COMMÉMORATION AU JARDIN DU LUXEMBOURG
Ce mardi 10 mai, se tenait la « Journée des mémoires et de réflexion sur la traite, l’esclavage et leurs abolitions ». La quasi-totalité du gouvernement français, le président de la République, le président du Sénat et de nombreux parlementaires, ont participé à une cérémonie de commémoration au Jardin du Luxembourg, dans le sixième arrondissement de la capitale.
La cérémonie d’hommage s’est ouverte et a été conclue au son du maloya. La Réunionnaise Christine Salem a interprété à deux reprises un chant de cette musique traditionnelle de son île. Interdit et réprimé jusque dans les années 80, c’était le chant des esclaves. Cette fois, pour l’écouter et rendre hommage aux figures de la lutte pour la liberté, le président de la République Emmanuel Macron a fait le déplacement, entouré de son gouvernement presque au complet : pas moins d’une vingtaine de ministres étaient présents dans la tribune officielle ainsi que de très nombreux élus, députés et sénateurs.
La journée nationale du 10 mai a été instaurée par la loi mémorielle de Christiane Taubira, adoptée en mai 2001 : il s’agissait autant de rappeler que l’esclavage et la traite ont constitué un crime contre l’humanité que d’instituer un jour national de mémoire et de recueillement. Cette année, entre le scrutin présidentiel et les élections législatives, le calendrier mémoriel a percuté l’agenda politique. Le score très élevé de Marine Le Pen au second tour de l’élection présidentielle, il y a deux semaines à peine, est dans toutes les têtes.
Le sénateur de Guyane, Georges Patient, est venu à cette cérémonie pour faire passer un message : « Travailler sur la mémoire collective, sur nos identités, est important parce que voir Marine Le Pen faire un tel score dans l’Outre-mer prouve que nous n’avons pas assez travaillé sur cette histoire commune, déplore-t-il. Je ne juge pas, je ne suis pas en colère, mais je suis venu pour rappeler à beaucoup de nos compatriotes ce qu’est notre histoire, ce qu’est l’esclavage et les énormités que profère le Rassemblement national et les Le Pen en particulier. »
« Une demande de respect »
Ce positionnement de non-jugement et d’écoute de la colère qui couve dans les territoires français marqués par l’esclavage est partagé par la grande majorité des responsables politiques participant à cette cérémonie de commémoration. Jean-Marc Ayrault, ancien premier ministre de François Hollande, est l’actuel président de la Fondation pour la mémoire de l’esclavage, l’un des organisateurs de cette journée nationale du 10 mai. Pour lui, « les société antillaises et réunionnaises, les sociétés marquées par l’esclavage, sont encore traversées par cette mémoire douloureuse. L’aspiration au respect, à la reconnaissance, à la justice, s’exprime sous différentes formes, y compris sous forme de cri, y compris électoral. Il faut l’entendre, il faut entendre cet appel à la République parce que si on ne l’écoute pas, si on ne met pas en œuvre concrètement la devise de la République, on risque de laisser une distance s’installer. »

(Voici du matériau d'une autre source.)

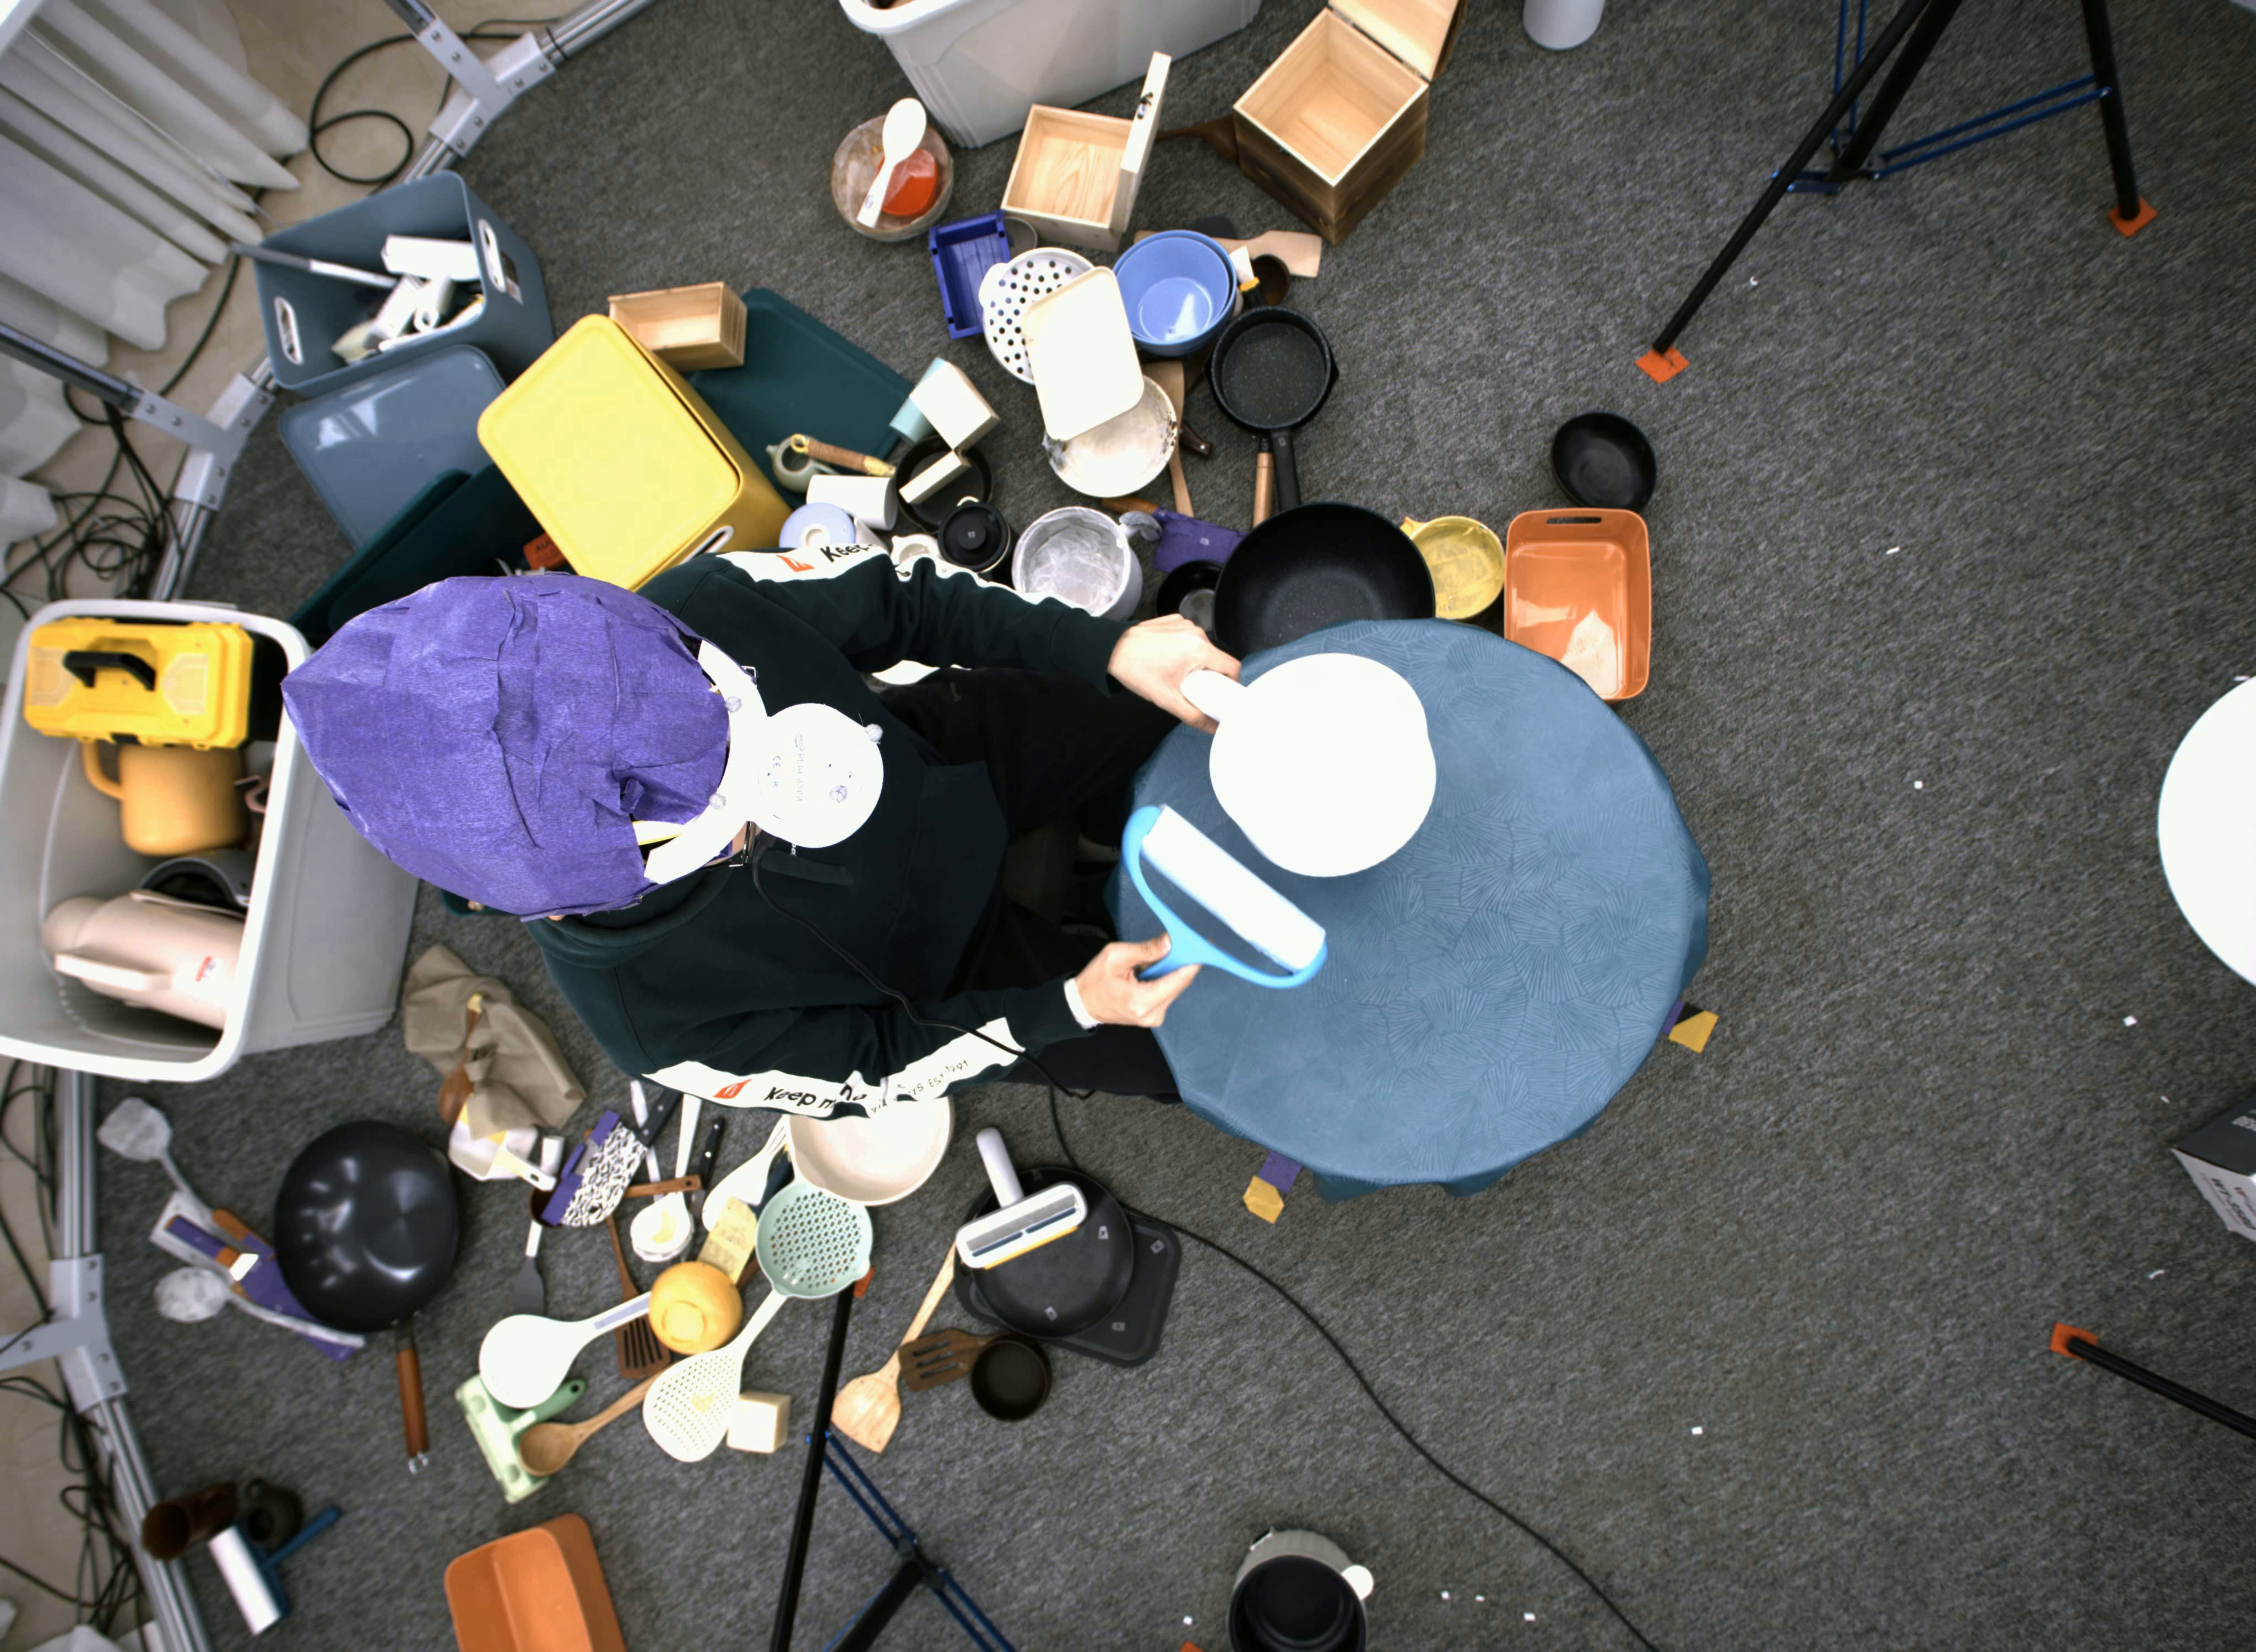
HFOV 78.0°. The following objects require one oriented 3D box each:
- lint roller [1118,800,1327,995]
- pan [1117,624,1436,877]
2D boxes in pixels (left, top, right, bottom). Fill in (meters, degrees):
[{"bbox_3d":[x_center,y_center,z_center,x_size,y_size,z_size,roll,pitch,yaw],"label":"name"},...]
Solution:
[{"bbox_3d":[0.056,0.100,1.292,0.230,0.067,0.182,34,106,-12],"label":"lint roller"},{"bbox_3d":[0.133,-0.088,1.323,0.352,0.103,0.200,35,82,35],"label":"pan"}]

Emmanuel Macron n’a pas pris la parole. Avec les membres du gouvernement et les élus présents, ils ont écouté des extraits de textes relatifs à cette période douloureuse, lus par des écoliers. Parmi les textes lus, le roman d’André Schwarz-Bart, « La mulâtresse Solitude ». Cette figure romanesque et historique de la lutte pour la liberté est à l’honneur cette année : elle a été exécutée il y 220 ans. Une statue la représentant en héroïne de la liberté a été dévoilée dans le 17è arrondissement de Paris.
Hommage aux figures de la lutte pour la liberté, transmission de cette histoire à la jeunesse : voilà les angles de communication de l’exécutif, au beau milieu de ce carrefour politique et électoral.
C’est aussi là qu’il faut chercher les raisons de la discrétion relative du président réélu et du fait qu’il n’a pas fait de discours : alors que ce gouvernement vit ses dernières heures puisqu’il devrait être démissionnaire d’ici la fin de la semaine, le pouvoir ne voulait pas donner l’image d’une récupération politicienne.